Rob Gordon
- Born: William Robert Gordon 7 August 1965 (age 61) Te Awamutu, New Zealand
- Height: 1.92 m (6 ft 4 in)
- Weight: 100 kg (220 lb)
- School: Te Awamutu College
- University: University of Otago
- Notable relative: Steve Gordon (brother)

Rugby union career
- Position: Loose forward

Senior career
- Years: Team / Apps / (Points)
- 1992–95: US Colomiers
- 1995–99: Toshiba

Provincial / State sides
- Years: Team / Apps / (Points)
- 1986–87: Otago
- 1988–91: Waikato

International career
- Years: Team / Apps / (Points)
- 1990: New Zealand / 0 / (0)
- 1997–99: Japan / 17 / (20)

= Rob Gordon =

Japan international rugby union player

William Robert Gordon (born 7 August 1965) is a former New Zealand rugby union player.
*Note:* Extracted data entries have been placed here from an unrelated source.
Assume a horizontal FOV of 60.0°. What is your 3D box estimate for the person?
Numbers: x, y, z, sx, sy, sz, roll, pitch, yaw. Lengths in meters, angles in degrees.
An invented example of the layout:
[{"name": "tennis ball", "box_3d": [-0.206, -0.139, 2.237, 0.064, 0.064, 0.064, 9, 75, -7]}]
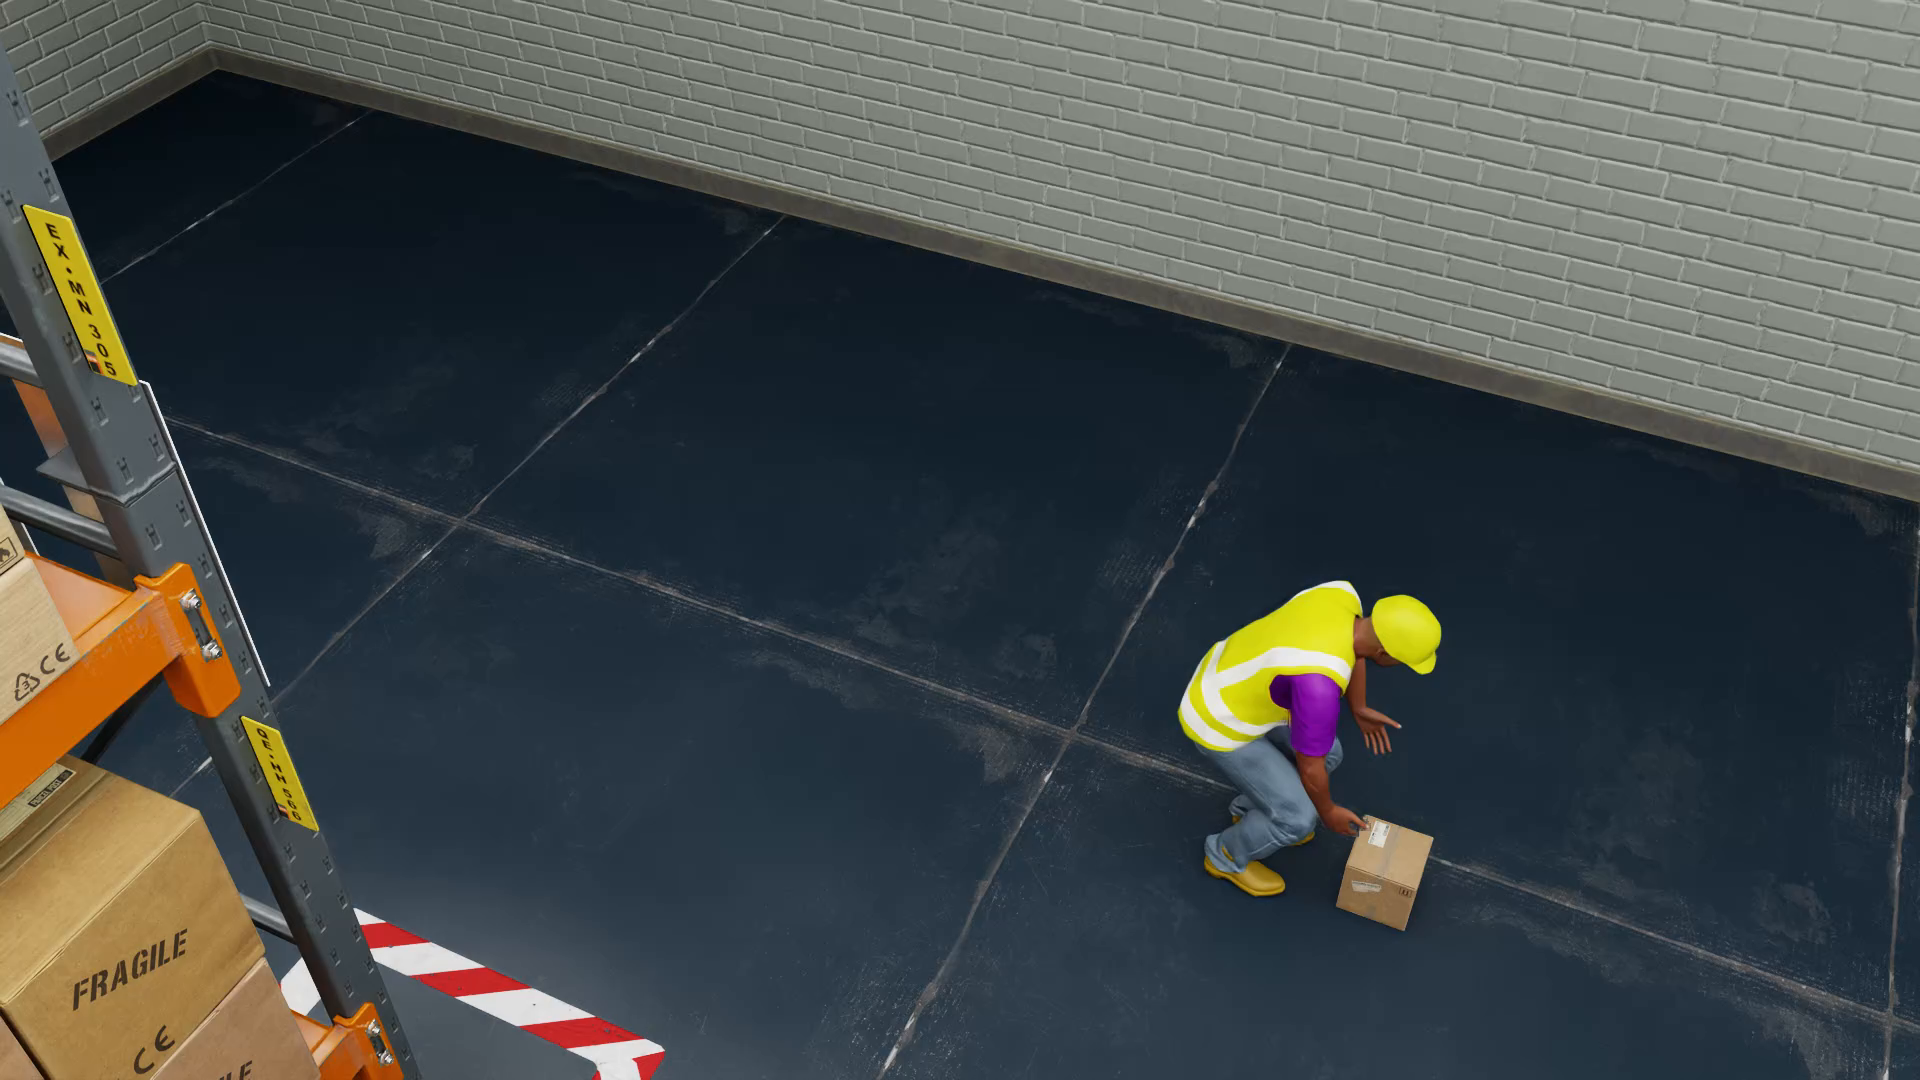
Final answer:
[{"name": "person", "box_3d": [1.160, 0.634, 5.729, 0.779, 1.371, 0.631, 17, 45, 19]}]

A loose forward, where he could play either blind side flanker or No. 8. Gordon represented Otago and Waikato at a provincial level. He was a member of the New Zealand national side, the All Blacks, in 1990 on the tour on France, during which he played three matches but no tests. He also appeared in a New Zealand XV in 1991 playing unofficial tests against Russia, an Australian XV and Romania. He established New Zealand and world records for the most tries (5) scored by a forward in a national championship rugby match, which still stand. Between 1997 and 1999, when working and playing rugby for Toshiba in Tokyo, Japan he played 17 test matches for Japan, including three test matches at the 1999 Rugby World Cup.